Iron-catalyzed propylene epoxidation by nitrous oxide: Toward understanding the nature of active iron sites with modified Fe-MFI and Fe-MCM-41 catalysts

Abstract

Alkali metal salt (KCl)-modified Fe-MFI and Fe-MCM-41 containing iron species in different locations have been studied for the epoxidation of propylene with nitrous oxide. In the allylic oxidation of propylene without modification, the samples with iron species in the framework positions showed slightly higher activity for the formation of acrolein and allyl alcohol. After modification with KCl, propylene oxide (PO) became the main product. Significant differences in PO formation activity were observed between the samples containing iron in different locations.

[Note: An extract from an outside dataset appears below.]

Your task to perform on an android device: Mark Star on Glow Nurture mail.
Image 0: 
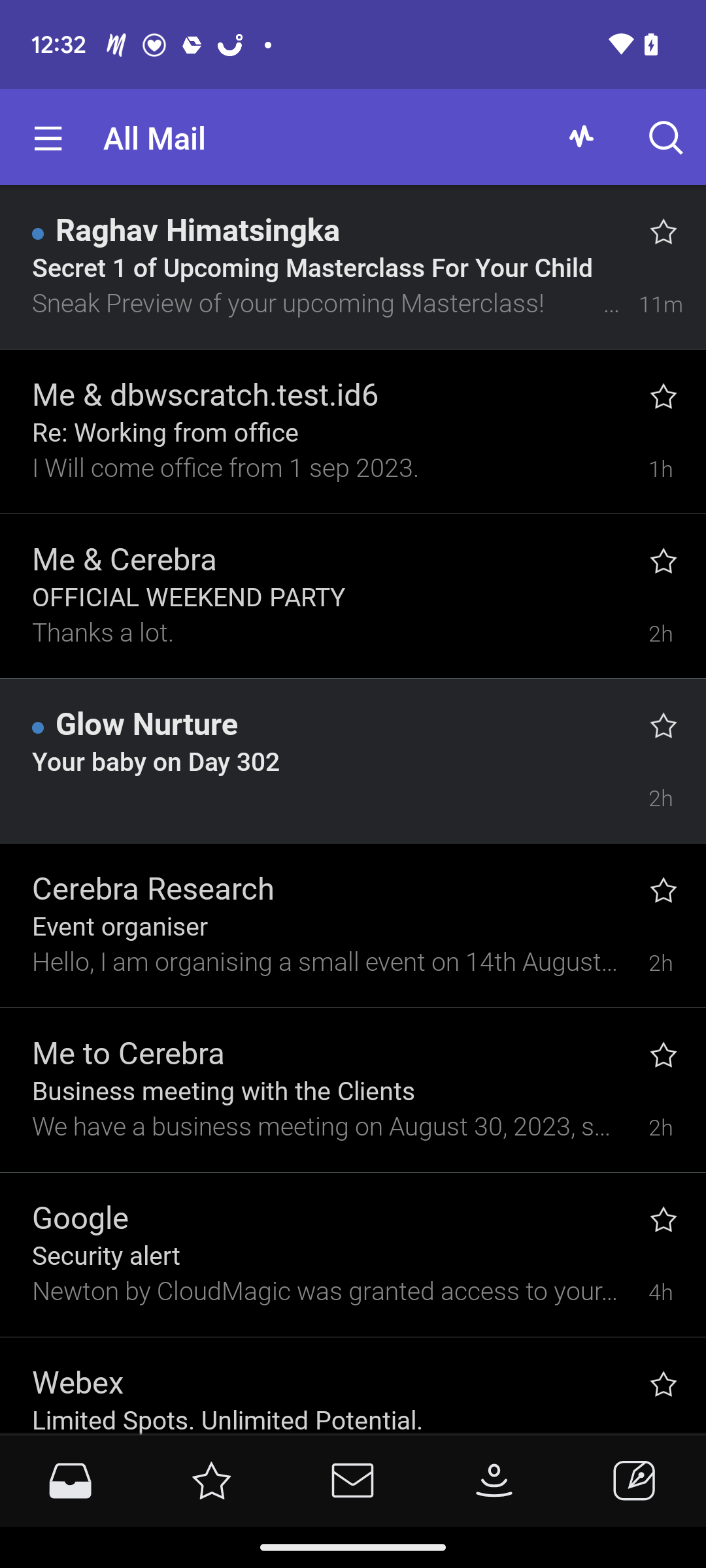
click on the star icon just next to the Glow Nurture mail.
Step 0: click (662, 735)

For the Fe-MFI and the Fe-MCM-41 prepared by the direct hydrothermal (DHT) method, in which iron was located mainly in the framework position, much lower activity was obtained after KCl modification. In contrast, the Fe-MFI after steam treatment and the Fe-MCM-41 prepared by template ion-exchange (TIE) and conventional impregnation methods, which contained extra-framework iron species (e.g., FeO x clusters), exhibited higher PO formation activity after modification. A PO selectivity of 80% could be achieved at a propylene conversion of 3.3% over the KCl-modified Fe-MCM-41 prepared by the TIE or the impregnation method at 598 K (time on stream, 70 min). The modification with KCl increased the dispersion of the extra-framework iron species. Consequently, highly dispersed extra-framework iron species, probably in tetrahedral coordination, are proposed for the epoxidation of propylene with nitrous oxide.